EXERCISE DESCRIPTION -
From the first line to the last, copy the listing exactly and omit the pictures.

RECORDS PROVIDED -
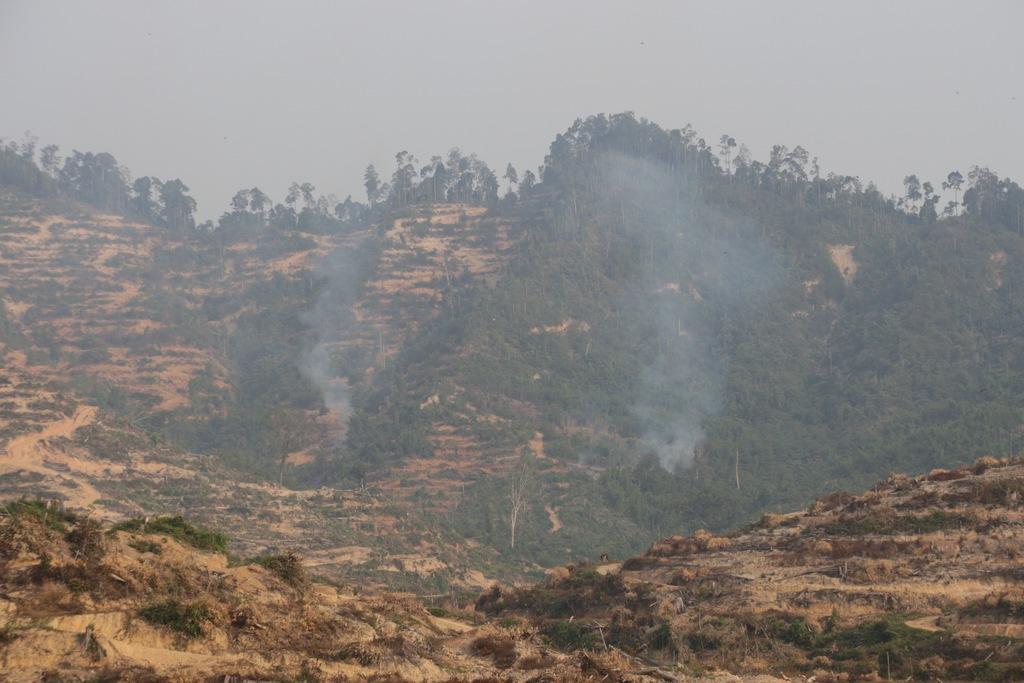Can you describe this image briefly? There is a hill with trees and smoke. In the background there is sky. 
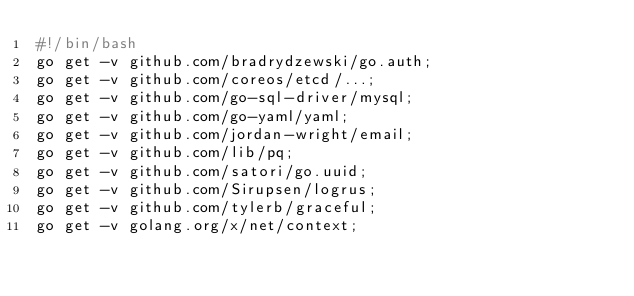<code> <loc_0><loc_0><loc_500><loc_500><_Bash_>#!/bin/bash
go get -v github.com/bradrydzewski/go.auth;
go get -v github.com/coreos/etcd/...;
go get -v github.com/go-sql-driver/mysql;
go get -v github.com/go-yaml/yaml;
go get -v github.com/jordan-wright/email;
go get -v github.com/lib/pq;
go get -v github.com/satori/go.uuid;
go get -v github.com/Sirupsen/logrus;
go get -v github.com/tylerb/graceful;
go get -v golang.org/x/net/context;
</code> 
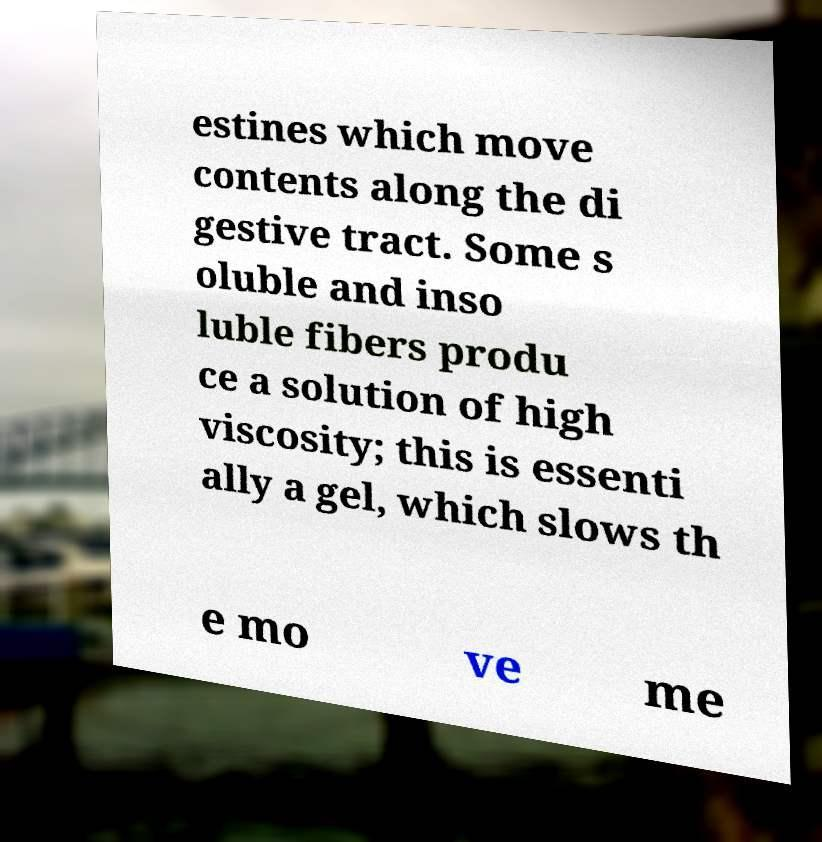Could you assist in decoding the text presented in this image and type it out clearly? estines which move contents along the di gestive tract. Some s oluble and inso luble fibers produ ce a solution of high viscosity; this is essenti ally a gel, which slows th e mo ve me

EXERCISE ANSWER -
Can you describe this image briefly? There is a hill with trees and smoke. In the background there is sky. 
<code> <loc_0><loc_0><loc_500><loc_500><_Bash_>#!/bin/bash
go get -v github.com/bradrydzewski/go.auth;
go get -v github.com/coreos/etcd/...;
go get -v github.com/go-sql-driver/mysql;
go get -v github.com/go-yaml/yaml;
go get -v github.com/jordan-wright/email;
go get -v github.com/lib/pq;
go get -v github.com/satori/go.uuid;
go get -v github.com/Sirupsen/logrus;
go get -v github.com/tylerb/graceful;
go get -v golang.org/x/net/context;
</code> 
Could you assist in decoding the text presented in this image and type it out clearly? estines which move contents along the di gestive tract. Some s oluble and inso luble fibers produ ce a solution of high viscosity; this is essenti ally a gel, which slows th e mo ve me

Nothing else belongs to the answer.